Dataset records.
************

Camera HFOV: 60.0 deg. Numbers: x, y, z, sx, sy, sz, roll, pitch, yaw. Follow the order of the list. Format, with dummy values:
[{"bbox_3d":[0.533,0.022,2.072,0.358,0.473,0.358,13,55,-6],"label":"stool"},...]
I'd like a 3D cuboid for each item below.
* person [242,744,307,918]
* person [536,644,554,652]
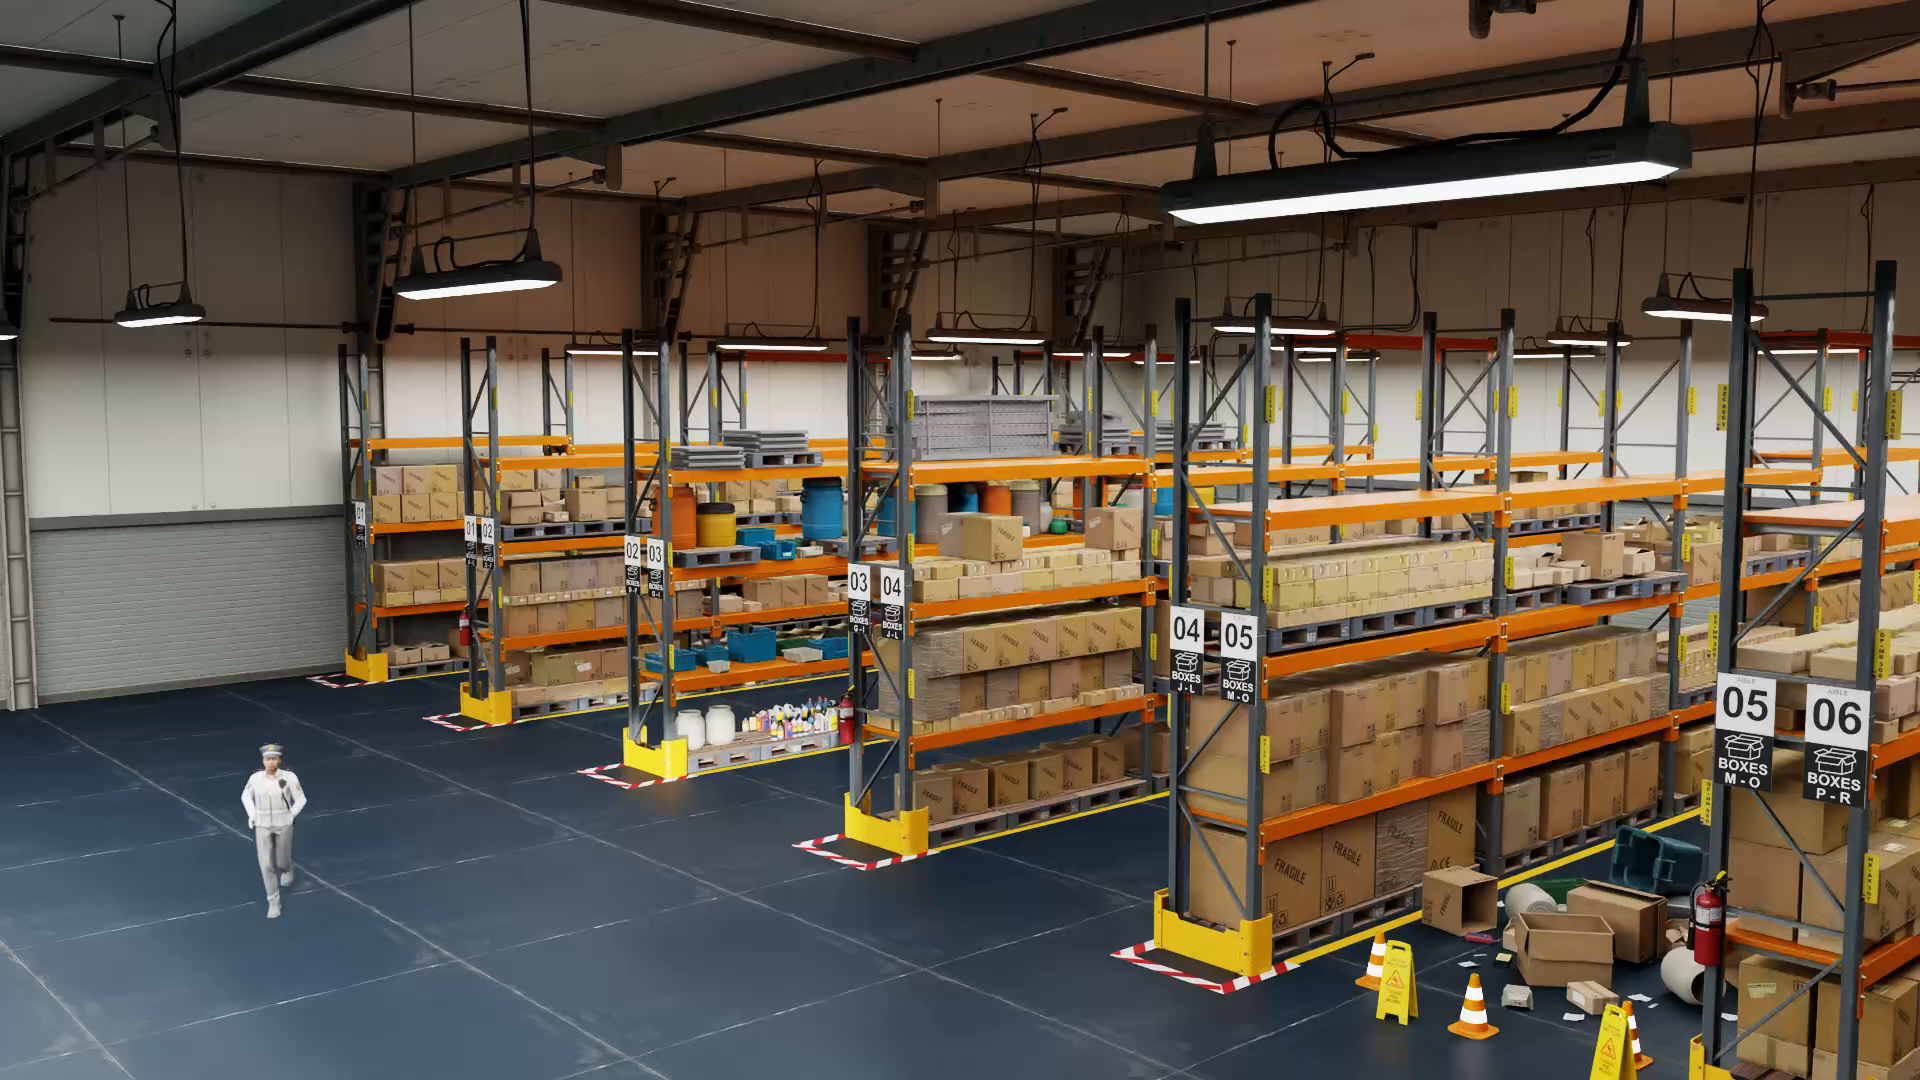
[{"bbox_3d":[-6.861,2.858,16.636,0.618,1.687,0.780,-1,5,-14],"label":"person"},{"bbox_3d":[-7.159,1.755,28.952,0.534,1.590,0.889,5,7,42],"label":"person"}]
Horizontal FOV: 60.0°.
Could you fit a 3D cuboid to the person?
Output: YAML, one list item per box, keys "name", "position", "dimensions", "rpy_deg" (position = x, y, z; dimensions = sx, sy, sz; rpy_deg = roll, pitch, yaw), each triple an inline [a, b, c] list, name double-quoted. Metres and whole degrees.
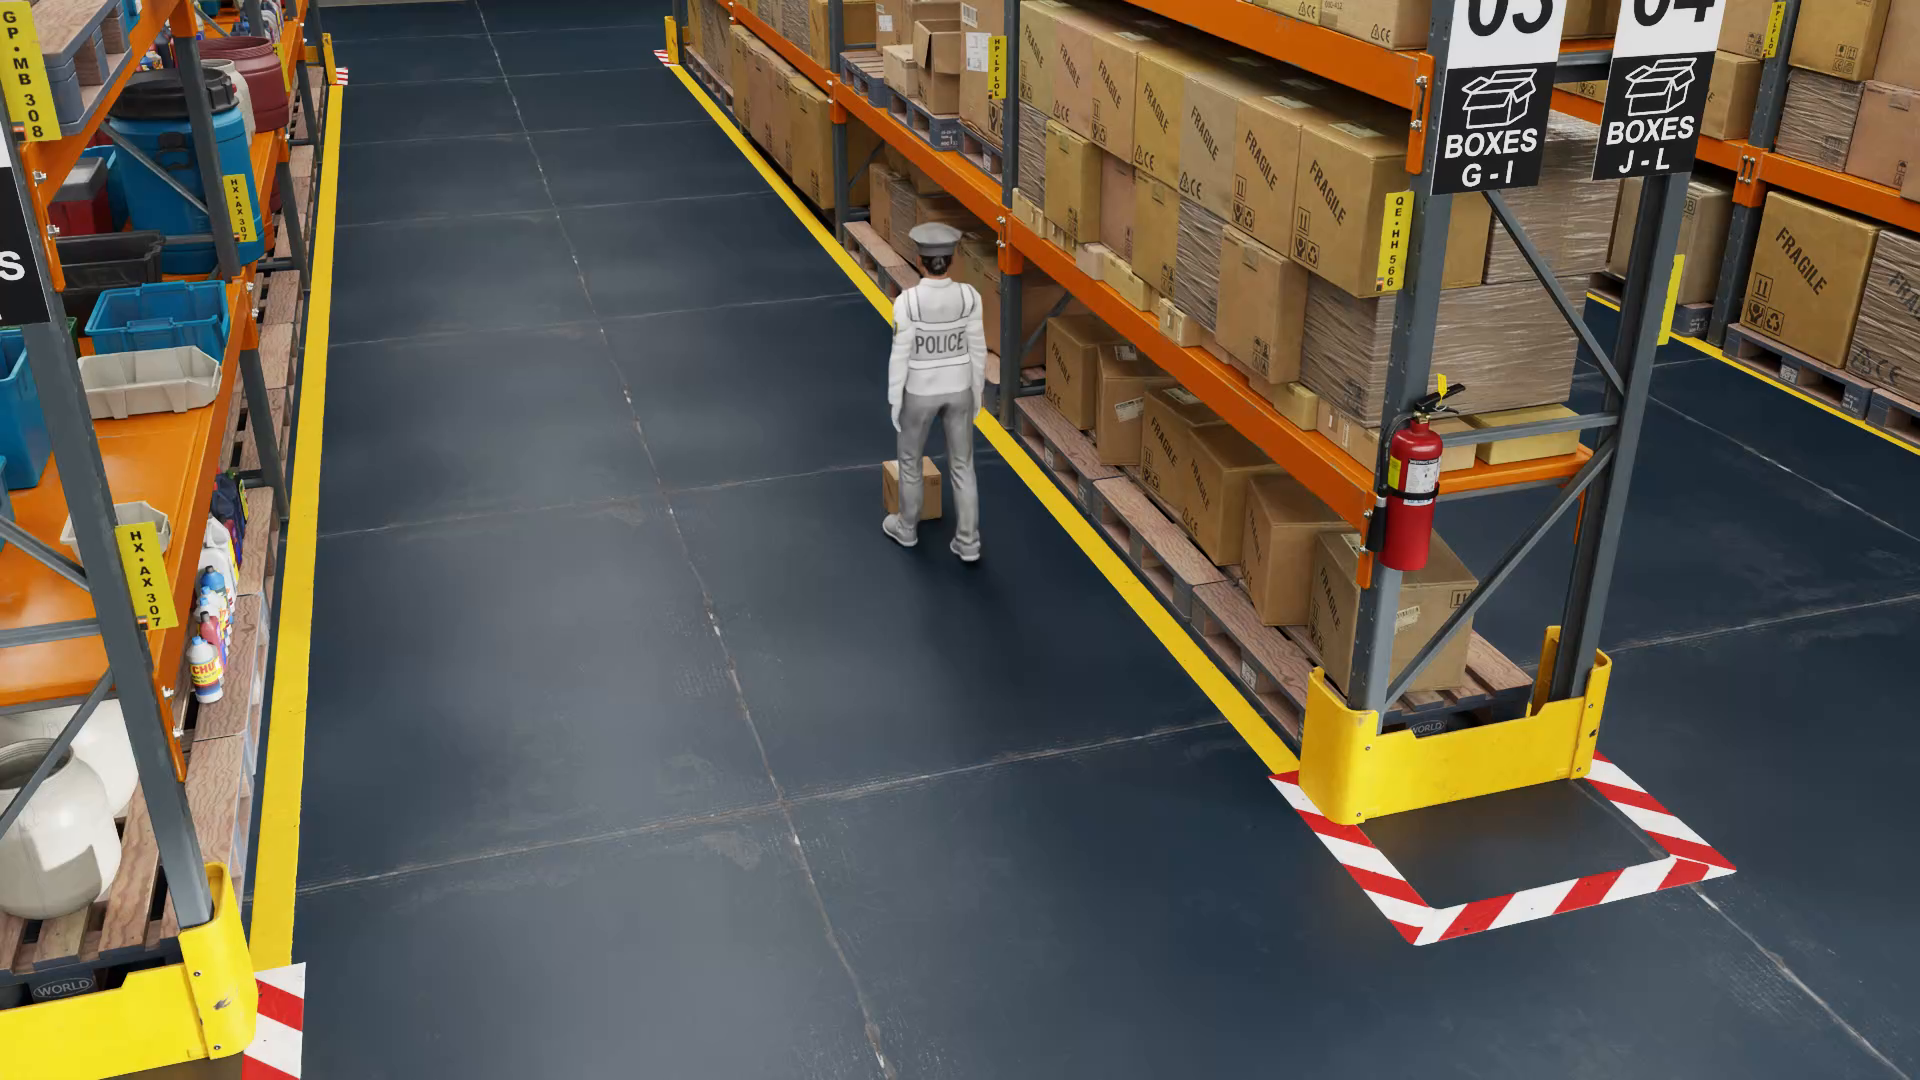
- name: "person"
  position: [-0.133, -0.714, 8.046]
  dimensions: [0.491, 1.666, 0.583]
  rpy_deg: [-8, 28, -16]

************

Your objective. Within the listing above, copy exactly the lines that start at the one with "I'd like a 3D cuboid for each item below." and continue through the one with "Could you fit a 3D cuboid to the person?". Omit pictures.

The answer.
I'd like a 3D cuboid for each item below.
* person [242,744,307,918]
* person [536,644,554,652]
[{"bbox_3d":[-6.861,2.858,16.636,0.618,1.687,0.780,-1,5,-14],"label":"person"},{"bbox_3d":[-7.159,1.755,28.952,0.534,1.590,0.889,5,7,42],"label":"person"}]
Horizontal FOV: 60.0°.
Could you fit a 3D cuboid to the person?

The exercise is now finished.